An almost uninterrupted eighth note movement characterizes this “German” sentence in presto, which is nevertheless longer than the two following combined. The first theme begins with four eighth octaves, which represent the chord of the basic key, and ends with moving eighth notes of the right hand. A short transition leads chordally from D major, B minor and a dominant seventh chord to the second theme (beginning of bar 24), simple double stops of the right hand stand against ascending and descending eighth notes on the left. With the first interruption of the eighth note movement in bar 45, the exposition draws to a close.

The development (bars 52 to 122) initially leads back to the first theme, but this time in E major instead of G major. Characterized by the translation of the left hand, this section reaches a wide variety of harmonic areas, namely E major from bar 59, C major from bar 67, C minor from bar 83, E flat major from bar 91 and D major from bar 111. Finally, D major, as the dominant of the basic key, passes into the recapitulation in a crescendo.
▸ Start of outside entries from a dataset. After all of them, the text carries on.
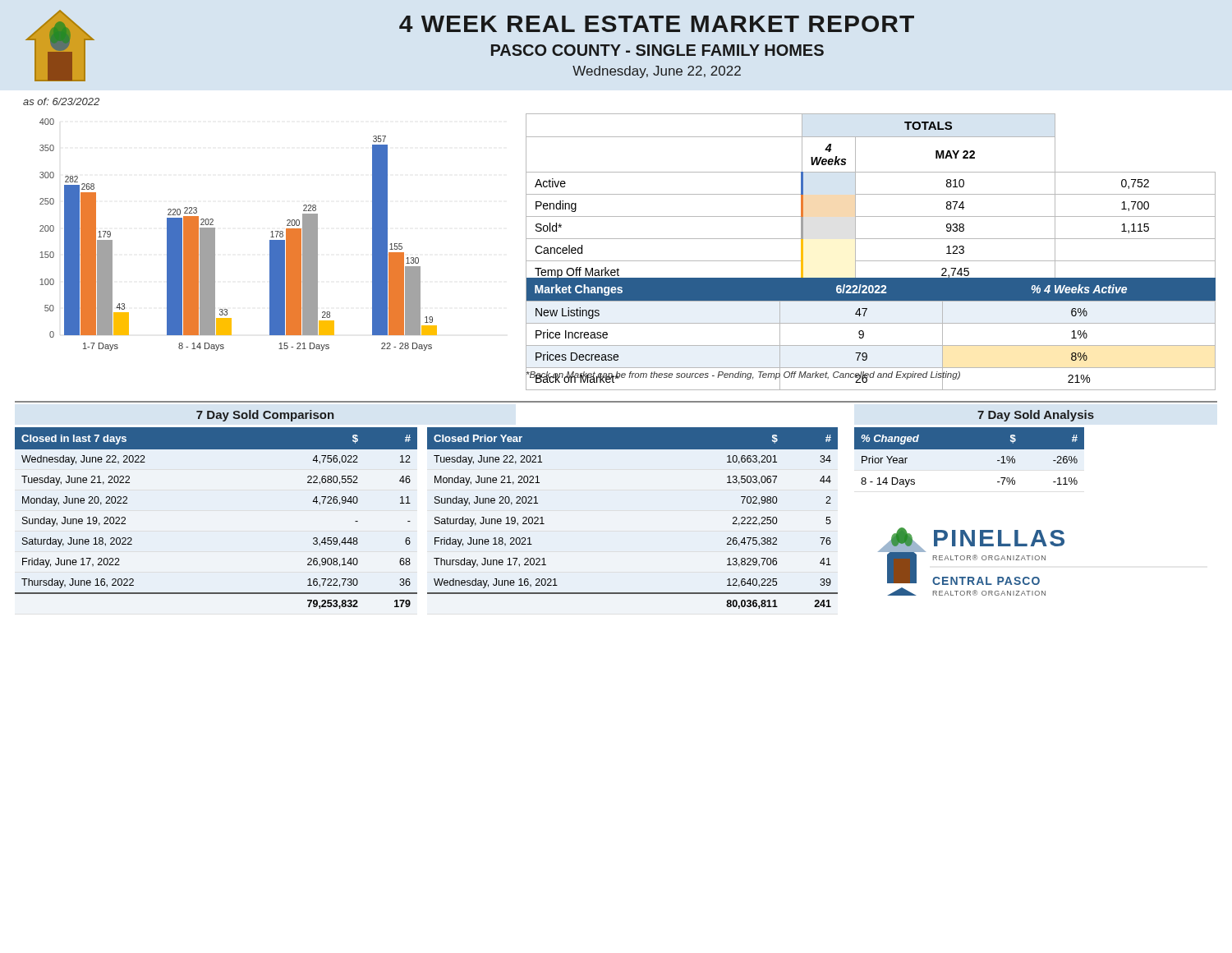Image resolution: width=1232 pixels, height=953 pixels.
Task: Click on the table containing "Wednesday, June 16, 2021"
Action: [632, 521]
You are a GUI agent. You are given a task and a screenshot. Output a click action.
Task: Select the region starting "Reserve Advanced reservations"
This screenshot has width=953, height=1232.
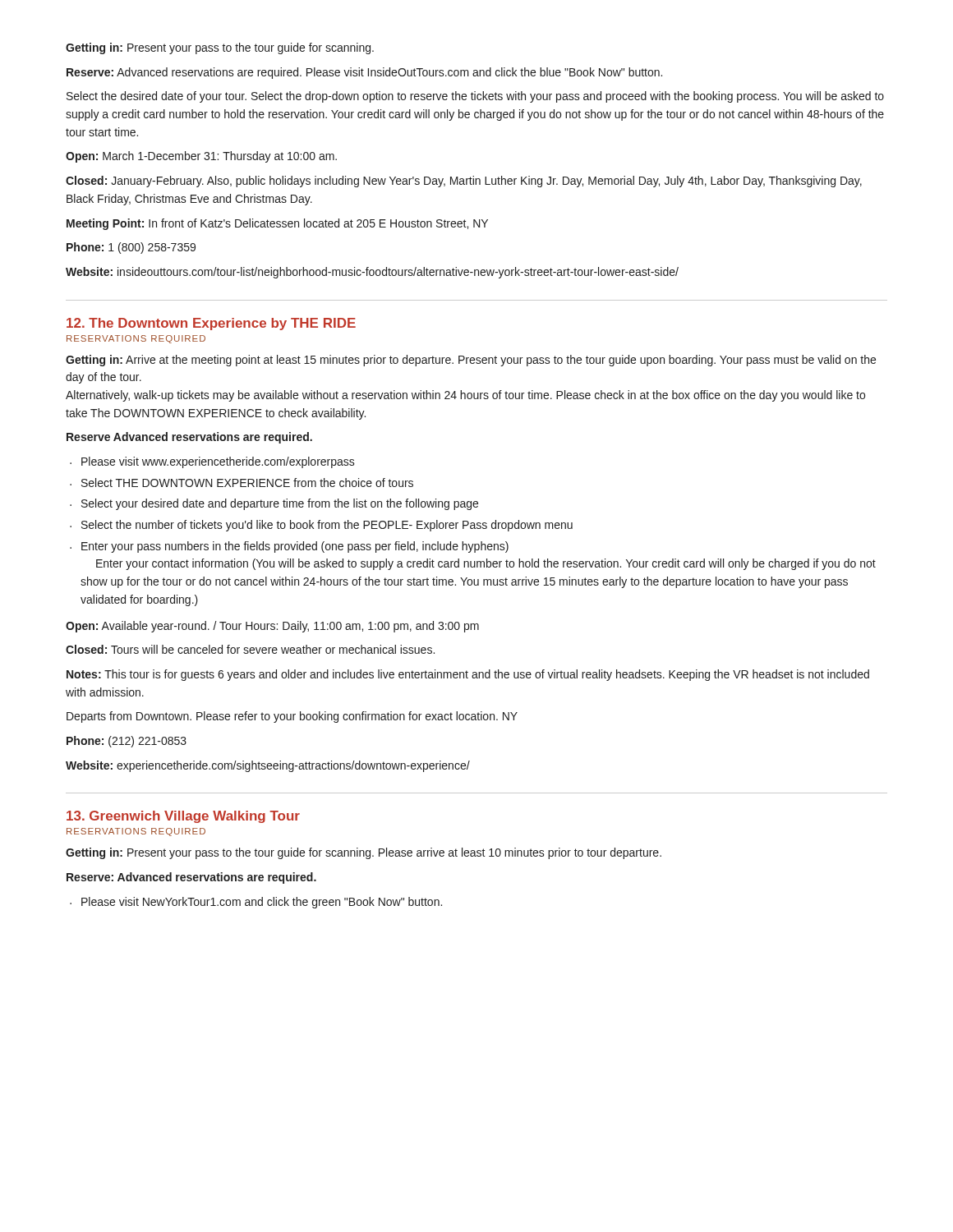tap(189, 437)
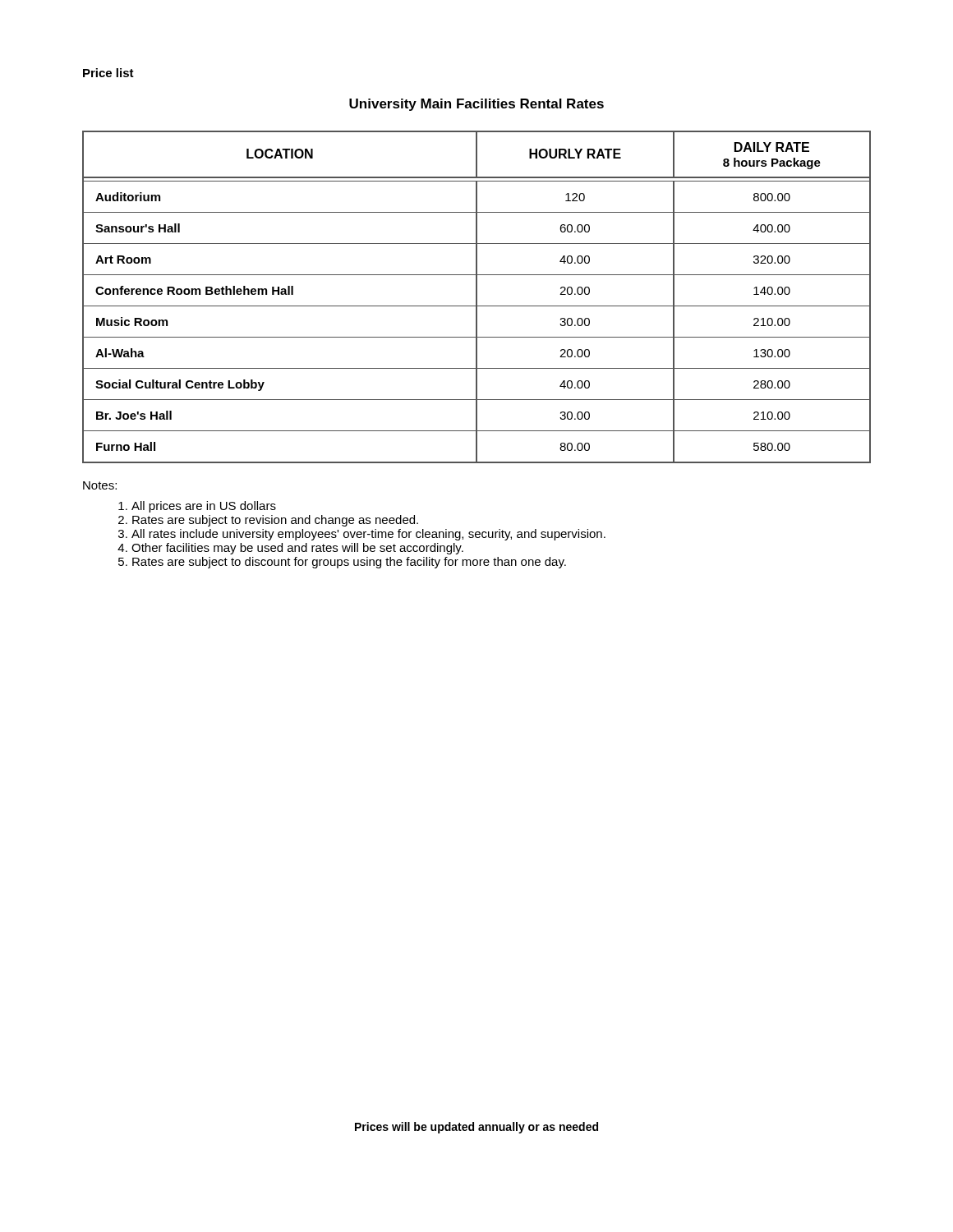Find the element starting "All rates include university"
Image resolution: width=953 pixels, height=1232 pixels.
(x=501, y=533)
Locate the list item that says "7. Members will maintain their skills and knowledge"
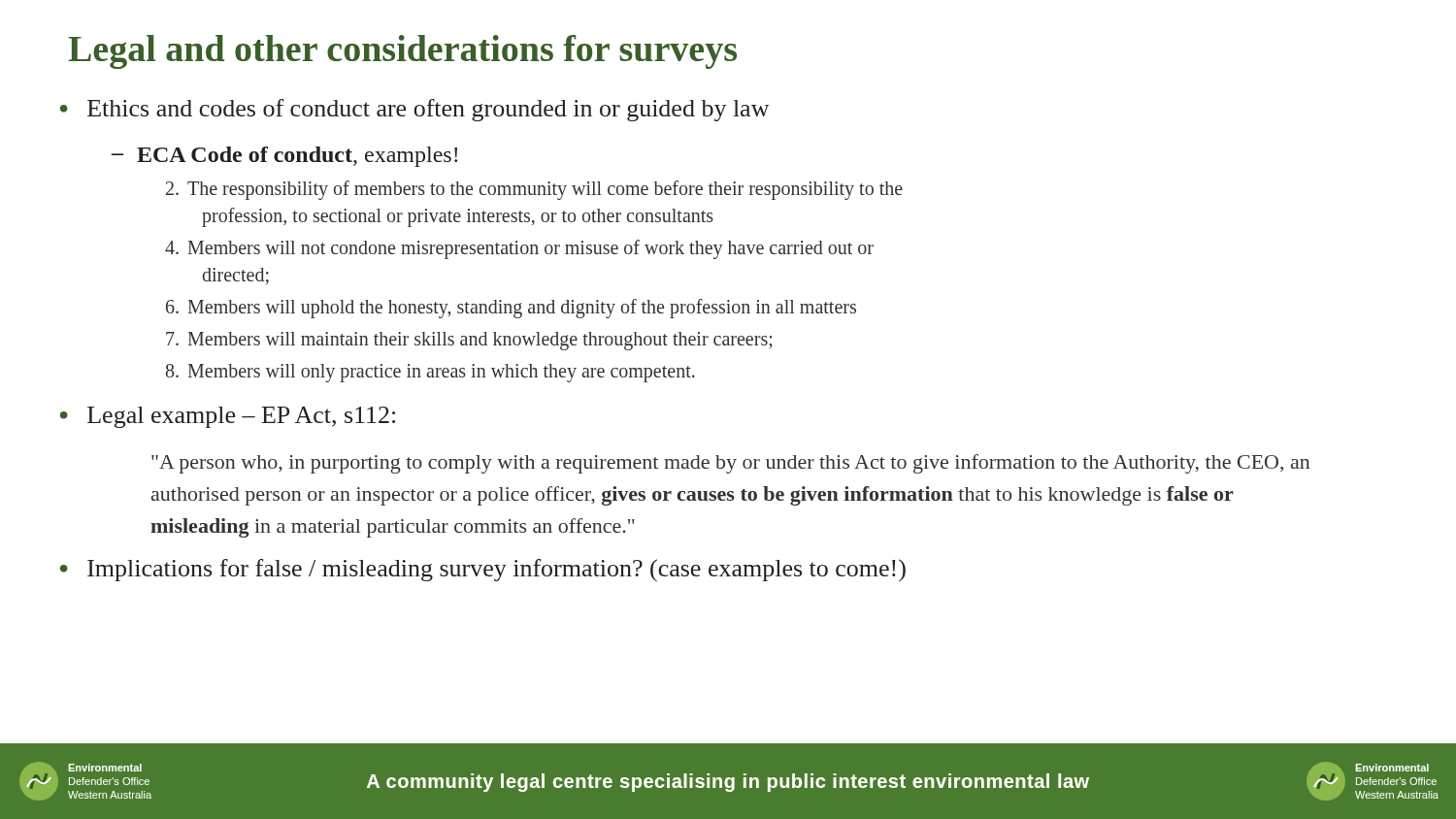Viewport: 1456px width, 819px height. pyautogui.click(x=469, y=338)
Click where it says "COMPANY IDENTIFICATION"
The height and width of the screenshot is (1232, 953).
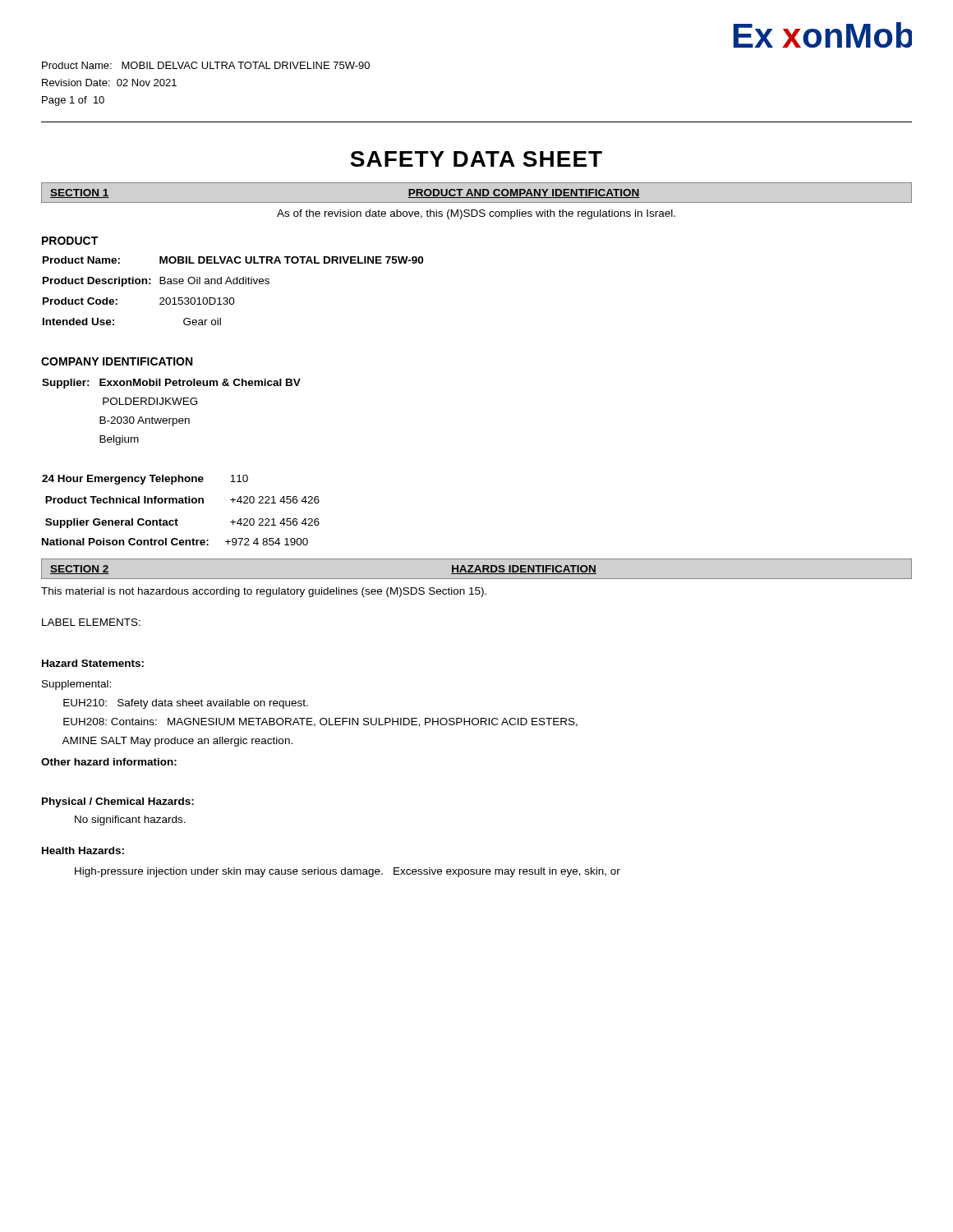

In comparison to the exposition, there are a few small harmonic changes (bars 134 to 144) in order to allow the movement to end in the basic key of G major. The recapitulation and coda lead the movement to the end in continuous motion; Beethoven prescribes leggiermente dolce for the last 11 bars of the movement .

Second sentence

The movement consists of three parts: a simple melody with chords in the right hand and accompanied by simple eighth notes in the left is repeated unchanged after a slightly more agitated (sixteenth note in the left hand) E flat major middle section (bars 10 to 20). In the coda (from bar 30) the melody, now performed in octaves in the right hand, is combined with a sixteenth-note accompaniment borrowed from the middle section, the movement ends in quiet two-handed piano chords.

Third sentence

The movement is almost exclusively determined by a short, rhythmically concise motif: an eighth note is followed by the upper secondary note and then the starting note as the sixteenth note. This predominance is only interrupted by a short C major section (bars 51 to 66), which consists exclusively of scales and - in the right hand - broken chords. While the theme is initially accompanied by quarter notes, the left hand plays eighth triplets on its second use from bar 35. From bar 72 there are sixteenth notes that accompany the theme, and from bar 80 the melody is varied with triplet octave jumps.

literature

Web links

Individual evidence

  1. ^ Mauser: Beethoven's piano sonatas . 2008, p. 113.